In other words, it's what naturally happens in a pipelined processor in the _absence_ of any intentionally designed branch prediction mechanism.
As for static vs. dynamic prediction, to be making explicit static predictions, you actually need to know whether you have seen a given branch before, and many branch predictors don't! That is, they simply have no way to tell reliably whether a given branch history (or branch target) entry is actually for the branch it's trying to predict. The various branch prediction structures are mostly just bags of bits indexed by a hash code.
Now some do have a few tag bits that allow them to detect collisions, probabilistically with high likelihood anyway, but others don't. It's just a matter of whether the architects think it's worthwhile to spend the area on tag bits, or whether they have another thing they'd rather do that is a better trade-off for their target criteria.

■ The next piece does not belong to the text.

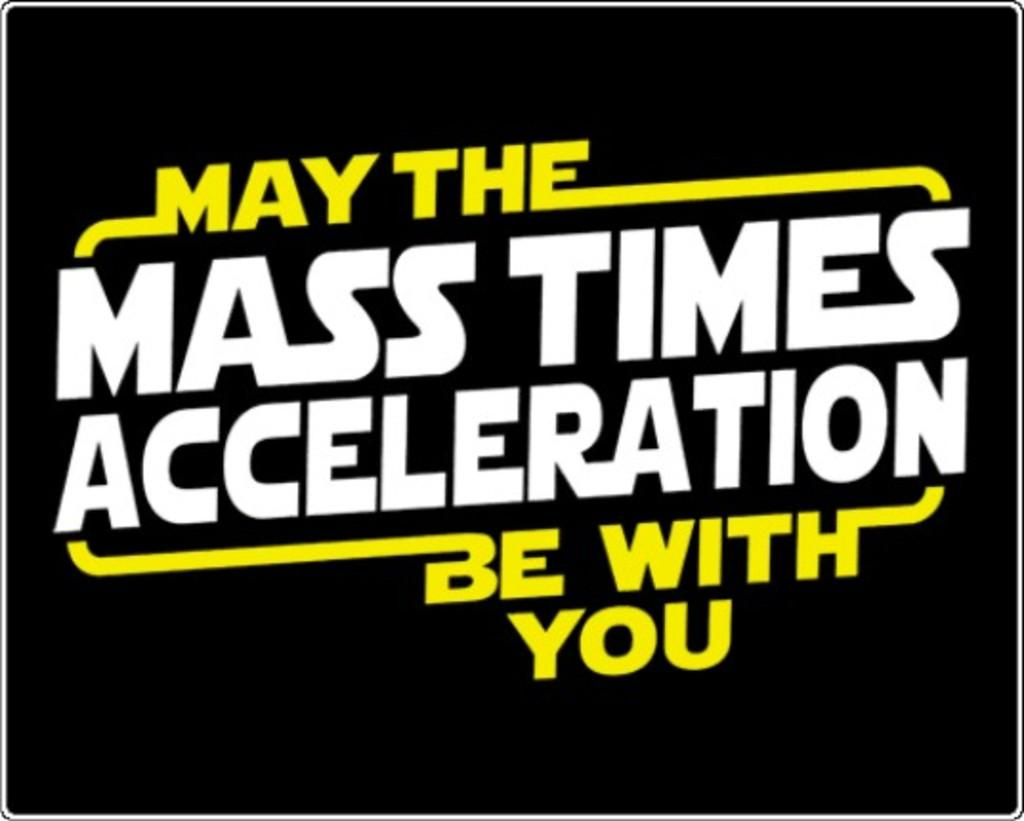<image>
Relay a brief, clear account of the picture shown. a quote that has the phrase mass times acceleration on it 
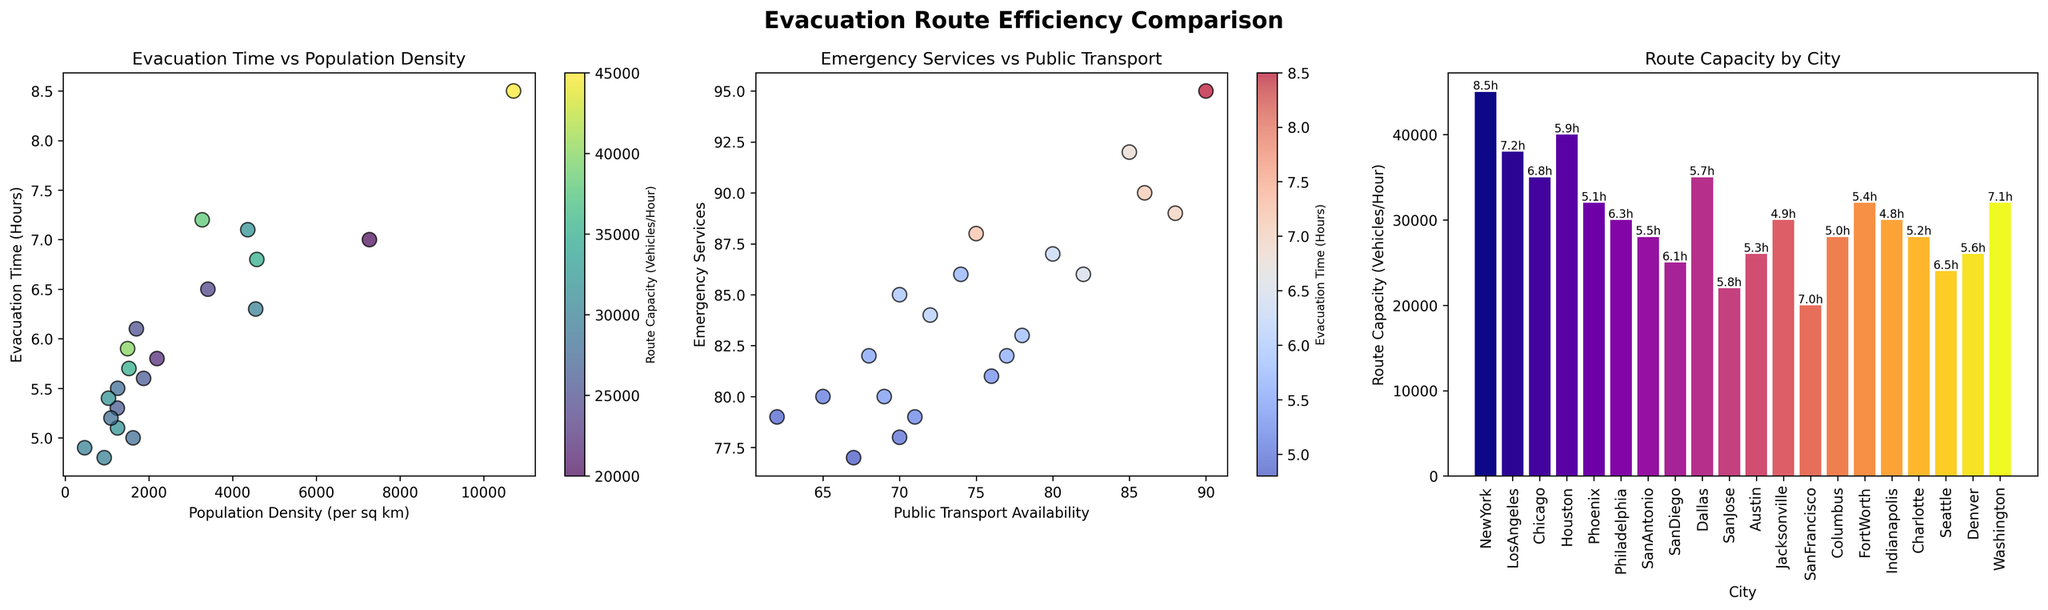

Netburst (Pentium 4) is an anomaly, AFAIK because of the way the branch prediction interacts with the trace cache. Namely, I believe that branch history etc. in Netburst was kept at the trace level. For trace cache entries, unlike branch history/target entries, there is a well-defined moment when they're new, namely when they're initialized after a trace cache miss (trace cache miss detection _has_ to do full tagging and be precise for the CPU to work); that's an opportunity to set up the new trace with the static prediction heuristic, and also branch hints. [But I'm no expert on this, and I bet there are Intel folks on this list that could be more precise.]
Zooming out a bit, real designs don't generally have a single monolithic branch prediction mechanism; they have lots of them, in different places in the pipeline. Going roughly in pipeline order, some common mechanisms are:
1. Next I$ fetch line prediction. The address for the next instruction fetch needs to be determined before the current fetch even completes, for there to be no bubbles.
2. Early branch target prediction (indexed by instruction fetch address); instruction fetch is usually multiple cycles, and again you need to know the likely address to fetch next before you've even seen any instruction bytes or know where branches are!
3. A later, more precise target/direction predictor. The early predictors are "quick and dirty", and not very accurate. In parallel, you start working on a more accurate prediction; if the late predictor disagrees with the early predictor, you need to squash a few cycles worth of instructions, but this is still fairly early in the pipeline, so a lot cheaper than full mispredictions.
4. A return stack predictor for function returns, the most common type of indirect branch by far. Tracks function calls and returns and supplies what it thinks are likely targets for return statements.
5. A separate predictor for other indirect branch targets (e.g. through virtual or jump tables). BTBs can cover some of this but dedicated indirect predictors work better. Again, an indirect predictor can decide than an earlier-guessed branch target was bogus and initiate a partial flush.
5. There are sometimes also special loop predictors to catch counted loops that (almost) always execute the same number of iterations. Innermost loop nests are usually covered well by the regular global branch history, but loop predictors help with outer loop nests that are periodic on longer time scales than the global branch history captures.
6. Once instructions are decoded, branch target addresses (for direct branches) are verified. Branch target addresses in the BTBs and other structures are commonly stored with a reduced number of bits, and in certain (hopefully rare) cases the "decompressed" address will be incorrect. Again, if this is detected, a partial flush is initiated; we're now several cycles downstream from initial instruction fetch, but this is still far from a full branch misprediction penalty.
CPU vendors are usually close-mouthed about what exactly they're doing (it's some of their secret sauce), but some are more open than others. One not-too-old CPU design that has a relatively thorough description of the branch prediction architecture (though not the nitty-gritty details) is the AMD Jaguar (low-power x86):
Section 2.7.1 in the PDF has a (very) brief description of the various branch prediction mechanisms.